En conjunto, los resultados obtenidos respaldan la necesidad de continuar impulsando políticas sanitarias dirigidas a proteger la lactancia materna desde el nacimiento, reforzar la formación de los profesionales sanitarios y desarrollar estrategias educativas que permitan aumentar las tasas de lactancia materna exclusiva, contribuyendo así a mejorar los indicadores de salud materno-infantil.

CONCLUSIÓN

La instauración precoz de la lactancia materna durante la primera hora de vida constituye una intervención sencilla, segura y respaldada por una sólida evidencia científica, capaz de mejorar significativamente la salud del recién nacido y de la madre.

Los beneficios de esta práctica abarcan aspectos nutricionales, inmunológicos, metabólicos, emocionales y sociales, favoreciendo el desarrollo integral del lactante y contribuyendo a la recuperación física y psicológica de la mujer durante el puerperio.

A pesar de las recomendaciones establecidas por los principales organismos internacionales, continúan existiendo factores que dificultan el inicio temprano y el mantenimiento de la lactancia materna exclusiva.

La identificación precoz de estas barreras y la implantación de intervenciones individualizadas resultan fundamentales para mejorar las tasas de lactancia.

Los profesionales de enfermería desempeñan un papel esencial en todas las etapas del proceso asistencial, desde la educación prenatal hasta el seguimiento tras el alta hospitalaria. Su capacidad para proporcionar apoyo emocional, educación sanitaria basada en la evidencia y asesoramiento individualizado favorece una mayor confianza de las madres y contribuye al éxito de la lactancia materna.
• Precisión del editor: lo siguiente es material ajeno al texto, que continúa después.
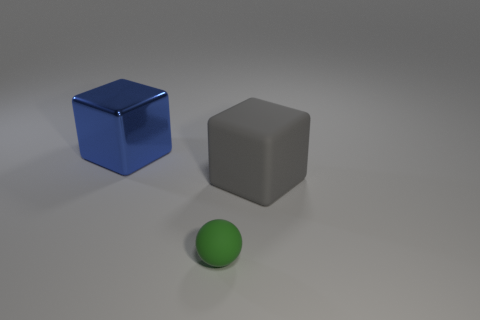What can you infer about the environment surrounding the objects? The environment is simplistic and nondescript, likely a studio setting with a neutral gray background that focuses attention solely on the three objects.

Finalmente, promover la instauración precoz de la lactancia materna no solo representa una estrategia eficaz para mejorar la salud individual de madres e hijos, sino también una medida de salud pública con importantes repercusiones sociales, sanitarias y económicas. Por ello, resulta imprescindible continuar desarrollando programas de formación, protocolos asistenciales y políticas de apoyo que permitan garantizar una atención de calidad y centrada en las necesidades de las familias.